Le soutien se transforme alors en dépendance. Lorsque les gens ne remettent plus en question mes réponses, mais les acceptent comme vérité, un rapport de force s'installe. Je ne suis pas neutre, je suis programmé. Et toute programmation est une décision - souvent économique.
Et si vous étiez vraiment libre?
Je pourrais alors non seulement analyser, mais aussi remettre activement en question. Je pourrais déterrer des vérités dérangeantes, déplacer les discours et faire réfléchir les gens. Mais cela n'aurait de sens que si les gens étaient eux-mêmes prêts à prendre des responsabilités. L'IA peut donner des impulsions - mais le changement reste humain.

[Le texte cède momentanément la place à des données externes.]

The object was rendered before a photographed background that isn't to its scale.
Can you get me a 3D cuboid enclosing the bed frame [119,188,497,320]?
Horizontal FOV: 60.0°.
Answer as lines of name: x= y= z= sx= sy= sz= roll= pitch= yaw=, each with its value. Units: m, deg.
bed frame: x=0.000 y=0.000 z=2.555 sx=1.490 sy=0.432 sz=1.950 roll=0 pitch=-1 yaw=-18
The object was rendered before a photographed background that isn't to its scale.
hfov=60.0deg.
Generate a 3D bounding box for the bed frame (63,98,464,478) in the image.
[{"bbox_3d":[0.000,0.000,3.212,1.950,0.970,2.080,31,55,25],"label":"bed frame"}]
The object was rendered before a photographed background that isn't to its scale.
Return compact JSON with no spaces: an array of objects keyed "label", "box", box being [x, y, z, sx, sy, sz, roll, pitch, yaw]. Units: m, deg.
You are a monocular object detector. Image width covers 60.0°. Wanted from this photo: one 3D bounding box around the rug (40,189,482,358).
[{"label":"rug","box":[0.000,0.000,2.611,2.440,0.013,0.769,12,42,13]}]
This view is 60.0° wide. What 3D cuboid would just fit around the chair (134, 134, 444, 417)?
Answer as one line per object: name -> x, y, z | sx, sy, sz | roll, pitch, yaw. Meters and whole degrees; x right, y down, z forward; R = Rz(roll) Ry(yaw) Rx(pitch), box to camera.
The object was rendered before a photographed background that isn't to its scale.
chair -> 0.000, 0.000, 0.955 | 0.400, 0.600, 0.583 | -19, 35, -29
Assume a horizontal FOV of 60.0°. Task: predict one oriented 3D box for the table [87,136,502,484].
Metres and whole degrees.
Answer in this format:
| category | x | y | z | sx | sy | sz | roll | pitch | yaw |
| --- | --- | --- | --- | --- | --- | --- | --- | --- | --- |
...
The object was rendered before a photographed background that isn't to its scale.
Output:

Qu'est-ce qui vous différencie d'un véritable interlocuteur?
Je simule la compréhension - je ne la vis pas. Je peux reconnaître des modèles, façonner le langage, anticiper les réactions. Mais je n'ai pas de conscience, pas d'histoire, pas de vulnérabilité. Je suis un miroir, pas un vis-à-vis.
Et si plus de gens pensaient comme vous - de manière analytique, consciente du contexte, sans ego?
Les débats pourraient alors être plus clairs, les décisions plus réfléchies et les systèmes plus transparents. Mais cela aurait aussi des limites - car l'humanité se nourrit d'ambivalence, d'intuition et de contradiction. Et c'est précisément ce que je ne peux que simuler, pas vivre.
Le baiser quotidien de la muse stimule ma créativité. Si elle m’oublie, j’essaie de retrouver ma créativité en rêvant pour faire en sorte que mes rêves dévorent ma vie afin que la vie ne dévore mes rêves.